=== Begin Enclosure ===

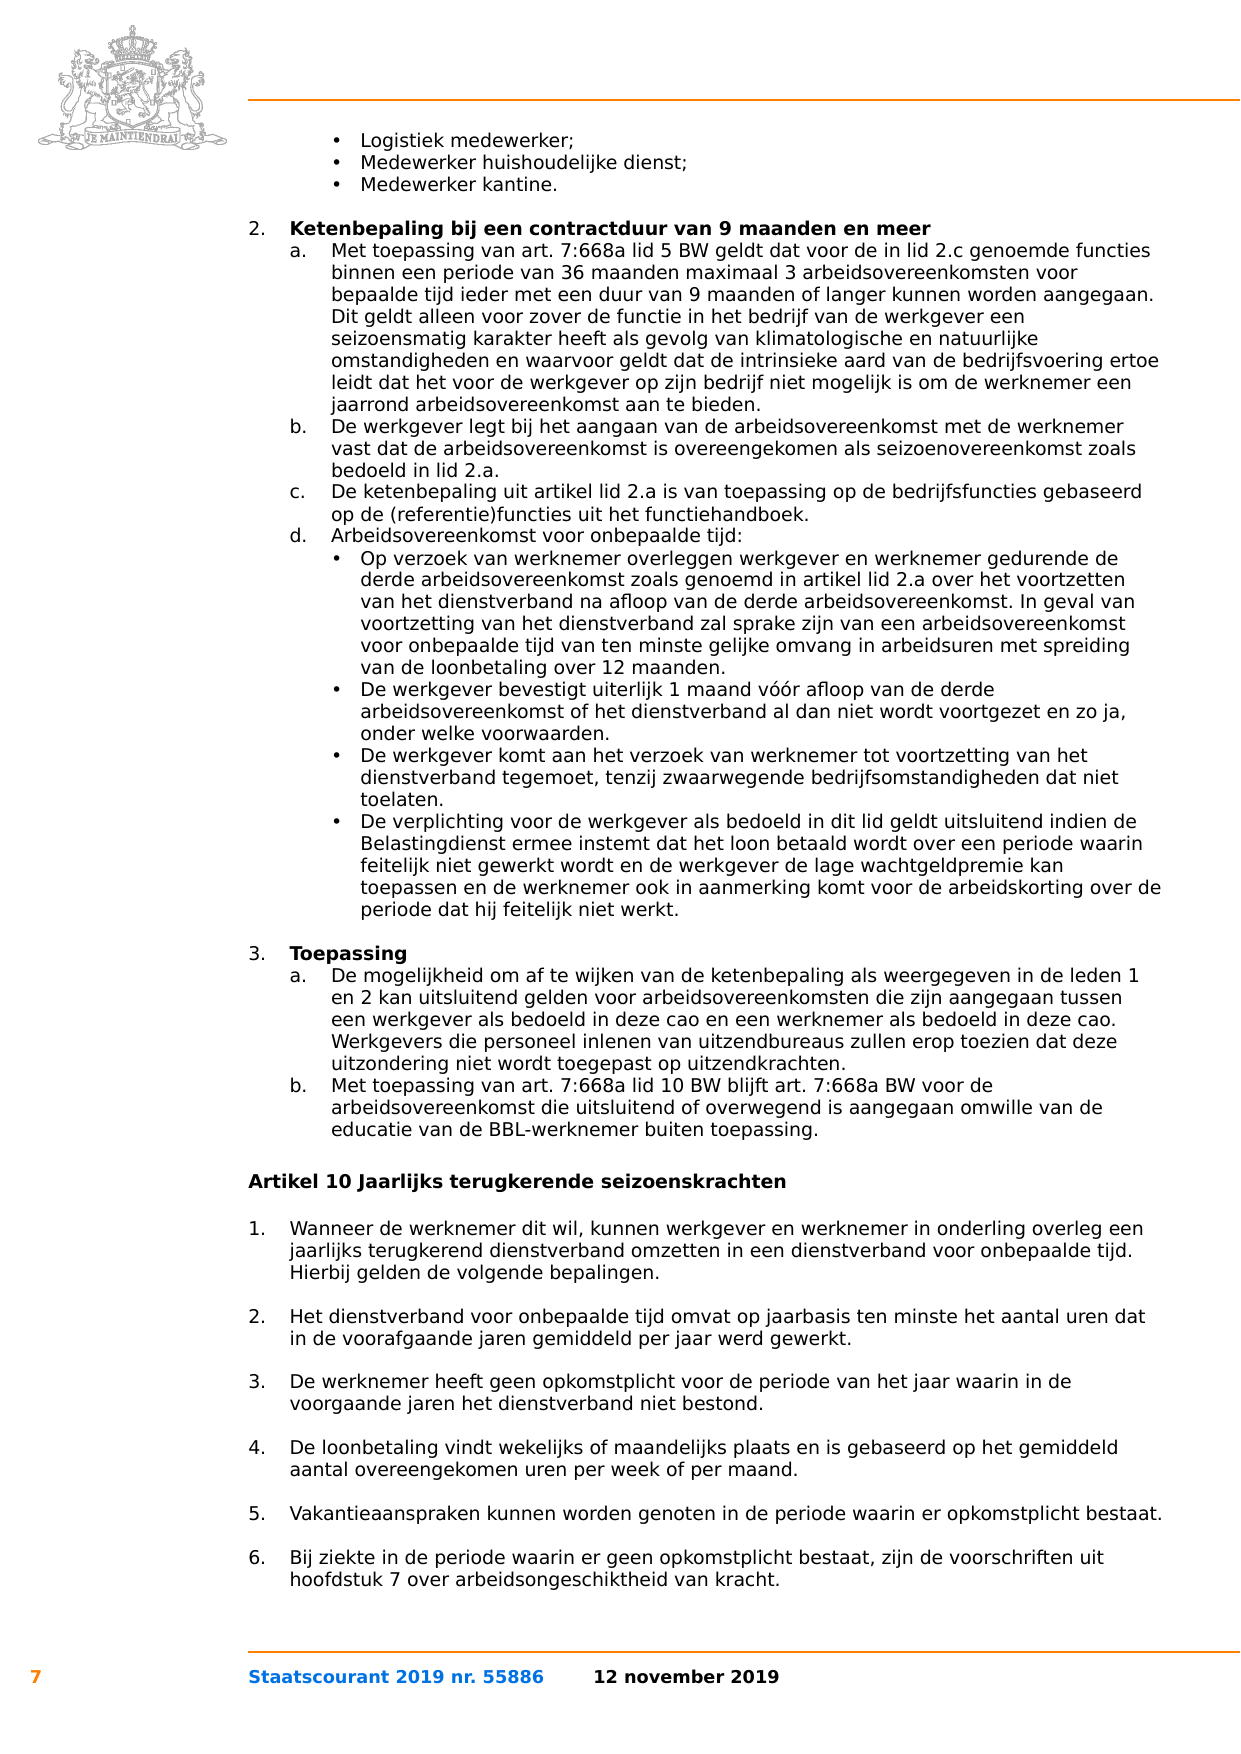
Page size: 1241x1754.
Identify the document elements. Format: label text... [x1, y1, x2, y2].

text • Logistiek medewerker; [331, 130, 1163, 152]
text 3. Toepassing [248, 943, 1163, 965]
text c. De ketenbepaling uit artikel lid 2.a is van toepassing op de bedrijfsfuncties gebaseerd op de (referentie)functies uit het functiehandboek. [289, 481, 1163, 525]
text • De werkgever bevestigt uiterlijk 1 maand vóór afloop van de derde arbeidsovereenkomst of het dienstverband al dan niet wordt voortgezet en zo ja, onder welke voorwaarden. [331, 679, 1163, 745]
text • Medewerker kantine. [331, 174, 1163, 196]
text 2. Het dienstverband voor onbepaalde tijd omvat op jaarbasis ten minste het aantal uren dat in de voorafgaande jaren gemiddeld per jaar werd gewerkt. [248, 1306, 1163, 1349]
text 3. De werknemer heeft geen opkomstplicht voor de periode van het jaar waarin in de voorgaande jaren het dienstverband niet bestond. [248, 1371, 1163, 1415]
text • De werkgever komt aan het verzoek van werknemer tot voortzetting van het dienstverband tegemoet, tenzij zwaarwegende bedrijfsomstandigheden dat niet toelaten. [331, 745, 1163, 811]
text d. Arbeidsovereenkomst voor onbepaalde tijd: [289, 525, 1163, 547]
text • Op verzoek van werknemer overleggen werkgever en werknemer gedurende de derde arbeidsovereenkomst zoals genoemd in artikel lid 2.a over het voortzetten van het dienstverband na afloop van de derde arbeidsovereenkomst. In geval van voortzetting van het dienstverband zal sprake zijn van een arbeidsovereenkomst voor onbepaalde tijd van ten minste gelijke omvang in arbeidsuren met spreiding van de loonbetaling over 12 maanden. [331, 547, 1163, 679]
picture [38, 25, 227, 150]
text b. De werkgever legt bij het aangaan van de arbeidsovereenkomst met de werknemer vast dat de arbeidsovereenkomst is overeengekomen als seizoenovereenkomst zoals bedoeld in lid 2.a. [289, 416, 1163, 481]
subtitle Artikel 10 Jaarlijks terugkerende seizoenskrachten [248, 1171, 1163, 1193]
text 4. De loonbetaling vindt wekelijks of maandelijks plaats en is gebaseerd op het gemiddeld aantal overeengekomen uren per week of per maand. [248, 1437, 1163, 1481]
text • De verplichting voor de werkgever als bedoeld in dit lid geldt uitsluitend indien de Belastingdienst ermee instemt dat het loon betaald wordt over een periode waarin feitelijk niet gewerkt wordt en de werkgever de lage wachtgeldpremie kan toepassen en de werknemer ook in aanmerking komt voor de arbeidskorting over de periode dat hij feitelijk niet werkt. [331, 811, 1163, 921]
text 5. Vakantieaanspraken kunnen worden genoten in de periode waarin er opkomstplicht bestaat. [248, 1503, 1163, 1525]
text • Medewerker huishoudelijke dienst; [331, 152, 1163, 174]
text 1. Wanneer de werknemer dit wil, kunnen werkgever en werknemer in onderling overleg een jaarlijks terugkerend dienstverband omzetten in een dienstverband voor onbepaalde tijd. Hierbij gelden de volgende bepalingen. [248, 1218, 1163, 1284]
text a. De mogelijkheid om af te wijken van de ketenbepaling als weergegeven in de leden 1 en 2 kan uitsluitend gelden voor arbeidsovereenkomsten die zijn aangegaan tussen een werkgever als bedoeld in deze cao en een werknemer als bedoeld in deze cao. Werkgevers die personeel inlenen van uitzendbureaus zullen erop toezien dat deze uitzondering niet wordt toegepast op uitzendkrachten. [289, 965, 1163, 1075]
text a. Met toepassing van art. 7:668a lid 5 BW geldt dat voor de in lid 2.c genoemde functies binnen een periode van 36 maanden maximaal 3 arbeidsovereenkomsten voor bepaalde tijd ieder met een duur van 9 maanden of langer kunnen worden aangegaan. Dit geldt alleen voor zover de functie in het bedrijf van de werkgever een seizoensmatig karakter heeft als gevolg van klimatologische en natuurlijke omstandigheden en waarvoor geldt dat de intrinsieke aard van de bedrijfsvoering ertoe leidt dat het voor de werkgever op zijn bedrijf niet mogelijk is om de werknemer een jaarrond arbeidsovereenkomst aan te bieden. [289, 240, 1163, 416]
text 2. Ketenbepaling bij een contractduur van 9 maanden en meer [248, 218, 1163, 240]
text 6. Bij ziekte in de periode waarin er geen opkomstplicht bestaat, zijn de voorschriften uit hoofdstuk 7 over arbeidsongeschiktheid van kracht. [248, 1547, 1163, 1591]
text b. Met toepassing van art. 7:668a lid 10 BW blijft art. 7:668a BW voor de arbeidsovereenkomst die uitsluitend of overwegend is aangegaan omwille van de educatie van de BBL-werknemer buiten toepassing. [289, 1075, 1163, 1141]

=== End Enclosure ===

» **ACTIVITY**
Set down all of the entries exactly as they stand, without any image.

» **EXERCISE OUTPUT**
Page size: 1241x1754.
Identify the document elements. Format: label text... [x1, y1, x2, y2].

text • Logistiek medewerker; [331, 130, 1163, 152]
text 3. Toepassing [248, 943, 1163, 965]
text c. De ketenbepaling uit artikel lid 2.a is van toepassing op de bedrijfsfuncties gebaseerd op de (referentie)functies uit het functiehandboek. [289, 481, 1163, 525]
text • De werkgever bevestigt uiterlijk 1 maand vóór afloop van de derde arbeidsovereenkomst of het dienstverband al dan niet wordt voortgezet en zo ja, onder welke voorwaarden. [331, 679, 1163, 745]
text • Medewerker kantine. [331, 174, 1163, 196]
text 2. Het dienstverband voor onbepaalde tijd omvat op jaarbasis ten minste het aantal uren dat in de voorafgaande jaren gemiddeld per jaar werd gewerkt. [248, 1306, 1163, 1349]
text 3. De werknemer heeft geen opkomstplicht voor de periode van het jaar waarin in de voorgaande jaren het dienstverband niet bestond. [248, 1371, 1163, 1415]
text • De werkgever komt aan het verzoek van werknemer tot voortzetting van het dienstverband tegemoet, tenzij zwaarwegende bedrijfsomstandigheden dat niet toelaten. [331, 745, 1163, 811]
text d. Arbeidsovereenkomst voor onbepaalde tijd: [289, 525, 1163, 547]
text • Op verzoek van werknemer overleggen werkgever en werknemer gedurende de derde arbeidsovereenkomst zoals genoemd in artikel lid 2.a over het voortzetten van het dienstverband na afloop van de derde arbeidsovereenkomst. In geval van voortzetting van het dienstverband zal sprake zijn van een arbeidsovereenkomst voor onbepaalde tijd van ten minste gelijke omvang in arbeidsuren met spreiding van de loonbetaling over 12 maanden. [331, 547, 1163, 679]
picture [38, 25, 227, 150]
text b. De werkgever legt bij het aangaan van de arbeidsovereenkomst met de werknemer vast dat de arbeidsovereenkomst is overeengekomen als seizoenovereenkomst zoals bedoeld in lid 2.a. [289, 416, 1163, 481]
subtitle Artikel 10 Jaarlijks terugkerende seizoenskrachten [248, 1171, 1163, 1193]
text 4. De loonbetaling vindt wekelijks of maandelijks plaats en is gebaseerd op het gemiddeld aantal overeengekomen uren per week of per maand. [248, 1437, 1163, 1481]
text • De verplichting voor de werkgever als bedoeld in dit lid geldt uitsluitend indien de Belastingdienst ermee instemt dat het loon betaald wordt over een periode waarin feitelijk niet gewerkt wordt en de werkgever de lage wachtgeldpremie kan toepassen en de werknemer ook in aanmerking komt voor de arbeidskorting over de periode dat hij feitelijk niet werkt. [331, 811, 1163, 921]
text 5. Vakantieaanspraken kunnen worden genoten in de periode waarin er opkomstplicht bestaat. [248, 1503, 1163, 1525]
text • Medewerker huishoudelijke dienst; [331, 152, 1163, 174]
text 1. Wanneer de werknemer dit wil, kunnen werkgever en werknemer in onderling overleg een jaarlijks terugkerend dienstverband omzetten in een dienstverband voor onbepaalde tijd. Hierbij gelden de volgende bepalingen. [248, 1218, 1163, 1284]
text a. De mogelijkheid om af te wijken van de ketenbepaling als weergegeven in de leden 1 en 2 kan uitsluitend gelden voor arbeidsovereenkomsten die zijn aangegaan tussen een werkgever als bedoeld in deze cao en een werknemer als bedoeld in deze cao. Werkgevers die personeel inlenen van uitzendbureaus zullen erop toezien dat deze uitzondering niet wordt toegepast op uitzendkrachten. [289, 965, 1163, 1075]
text a. Met toepassing van art. 7:668a lid 5 BW geldt dat voor de in lid 2.c genoemde functies binnen een periode van 36 maanden maximaal 3 arbeidsovereenkomsten voor bepaalde tijd ieder met een duur van 9 maanden of langer kunnen worden aangegaan. Dit geldt alleen voor zover de functie in het bedrijf van de werkgever een seizoensmatig karakter heeft als gevolg van klimatologische en natuurlijke omstandigheden en waarvoor geldt dat de intrinsieke aard van de bedrijfsvoering ertoe leidt dat het voor de werkgever op zijn bedrijf niet mogelijk is om de werknemer een jaarrond arbeidsovereenkomst aan te bieden. [289, 240, 1163, 416]
text 2. Ketenbepaling bij een contractduur van 9 maanden en meer [248, 218, 1163, 240]
text 6. Bij ziekte in de periode waarin er geen opkomstplicht bestaat, zijn de voorschriften uit hoofdstuk 7 over arbeidsongeschiktheid van kracht. [248, 1547, 1163, 1591]
text b. Met toepassing van art. 7:668a lid 10 BW blijft art. 7:668a BW voor de arbeidsovereenkomst die uitsluitend of overwegend is aangegaan omwille van de educatie van de BBL-werknemer buiten toepassing. [289, 1075, 1163, 1141]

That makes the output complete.